Business Loan Becomes Unreal

As is known, a loan from the director / major shareholder to his own BV must be business at the outset. The Supreme Court recently issued an important ruling on a loan that becomes unworkable during the ride.

 

What is going on?

credit problem

Mrs. X granted loans to her husband’s BV in 1998 and 2000. A transport company is operated in this BV. The loans were due with a three-month notice period. The BV has used the loans for the purchase of means of transport. The interest on the loans is credited to the principal. In August 2005, the BV established a lien on the means of transport as security for the repayment of the loans.

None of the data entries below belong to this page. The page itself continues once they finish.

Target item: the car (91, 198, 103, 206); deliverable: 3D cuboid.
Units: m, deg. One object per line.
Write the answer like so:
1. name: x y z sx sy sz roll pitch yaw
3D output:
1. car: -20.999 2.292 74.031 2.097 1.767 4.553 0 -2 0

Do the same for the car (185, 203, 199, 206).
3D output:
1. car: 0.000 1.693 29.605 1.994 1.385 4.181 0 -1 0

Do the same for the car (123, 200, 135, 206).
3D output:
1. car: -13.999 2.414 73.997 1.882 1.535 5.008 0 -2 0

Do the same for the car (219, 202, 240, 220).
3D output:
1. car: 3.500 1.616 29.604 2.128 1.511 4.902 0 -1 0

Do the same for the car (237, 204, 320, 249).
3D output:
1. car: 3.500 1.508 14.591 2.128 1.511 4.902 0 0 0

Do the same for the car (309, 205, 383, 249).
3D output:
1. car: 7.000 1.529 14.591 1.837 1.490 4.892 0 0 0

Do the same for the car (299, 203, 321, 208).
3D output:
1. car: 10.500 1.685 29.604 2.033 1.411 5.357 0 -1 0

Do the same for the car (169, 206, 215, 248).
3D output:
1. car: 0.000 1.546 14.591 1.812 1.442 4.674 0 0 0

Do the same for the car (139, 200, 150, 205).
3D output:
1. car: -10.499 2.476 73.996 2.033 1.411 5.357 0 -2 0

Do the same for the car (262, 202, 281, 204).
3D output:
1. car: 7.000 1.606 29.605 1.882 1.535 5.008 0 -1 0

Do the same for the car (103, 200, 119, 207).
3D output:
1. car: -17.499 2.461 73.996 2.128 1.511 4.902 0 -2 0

In September 2005, the BV dismissed the staff. The BV has sold the means of transport to an affiliated company. Mrs. X reduced the loans to zero in 2005.

 

Court ruling in Arnhem

Court ruling in Arnhem

Court of Arnhem (LJN: BW7233) has refused to deduct the impairment loss because it is an undesirable debtor risk. The Court has left open the question whether the loans at the time of taking out were not effective. According to the Court, the loans have in any case become non-operational during the term due to insufficient action by Mrs X at the time when a third party would have acted.

According to the Court, X did not act, or at least insufficiently, after she knew that the BV suffered significant losses. For example, X has:

  • the loans were not claimed when full repayment was still possible;
  • allowed the interest to be credited; and
  • no use was made of the lien at the time the means of transport were sold to an affiliated BV.

 

Supreme Court ruling

financial problem

The Supreme Court recently overturned the ruling of the Court.

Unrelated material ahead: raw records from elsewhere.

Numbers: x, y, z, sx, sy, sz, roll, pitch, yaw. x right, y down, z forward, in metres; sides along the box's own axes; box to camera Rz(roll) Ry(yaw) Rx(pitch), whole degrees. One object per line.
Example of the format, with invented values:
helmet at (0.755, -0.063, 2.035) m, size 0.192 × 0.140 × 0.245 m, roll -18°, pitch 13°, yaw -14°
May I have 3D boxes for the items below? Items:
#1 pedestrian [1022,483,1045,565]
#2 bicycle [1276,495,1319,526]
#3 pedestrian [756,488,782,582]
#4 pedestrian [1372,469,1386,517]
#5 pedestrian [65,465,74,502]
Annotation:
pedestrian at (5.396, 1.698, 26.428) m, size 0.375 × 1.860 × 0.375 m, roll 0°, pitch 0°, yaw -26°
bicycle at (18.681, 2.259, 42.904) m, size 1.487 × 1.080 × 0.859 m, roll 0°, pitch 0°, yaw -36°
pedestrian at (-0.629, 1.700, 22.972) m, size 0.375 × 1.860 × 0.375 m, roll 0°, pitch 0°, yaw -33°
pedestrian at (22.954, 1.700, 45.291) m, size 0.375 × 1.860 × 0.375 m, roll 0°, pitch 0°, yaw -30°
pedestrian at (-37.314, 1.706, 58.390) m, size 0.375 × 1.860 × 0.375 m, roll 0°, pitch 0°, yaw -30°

For not taking into account a debtor loss on a loan that was business when it was contracted, the inspector must prove:

  • at what time a business acting third party in similar circumstances would have taken what measure to safeguard his rights; and
  • to what extent it would have succeeded.

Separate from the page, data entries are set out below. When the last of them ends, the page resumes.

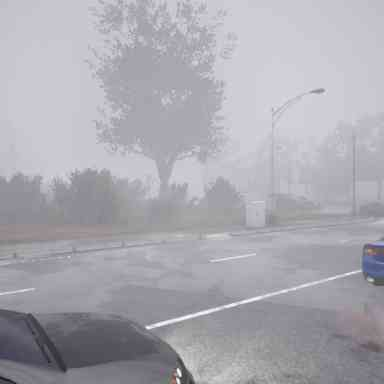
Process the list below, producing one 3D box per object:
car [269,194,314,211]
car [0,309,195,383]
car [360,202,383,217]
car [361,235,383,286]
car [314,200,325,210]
[{"bbox_3d":[11.727,1.220,40.943,2.150,2.045,5.566,0,0,-33],"label":"car"},{"bbox_3d":[-1.975,1.564,2.329,4.181,1.385,1.994,0,0,-36],"label":"car"},{"bbox_3d":[17.232,1.565,30.008,1.994,1.385,4.181,0,0,-14],"label":"car"},{"bbox_3d":[6.159,1.478,8.178,5.008,1.535,1.882,0,0,-36],"label":"car"},{"bbox_3d":[14.716,1.351,42.761,2.097,1.767,4.553,0,0,-33],"label":"car"}]

If this analysis implies that and to what extent a third loss would have suffered, the loss suffered by Mrs X is deductible to that extent. Another Court must now assess this.

Tip. As soon as it appears that the BV cannot meet its obligations, it is advisable to claim the loan. Otherwise you run the risk that the impairment loss is not deductible. Fortunately, the burden of proof lies with the inspector.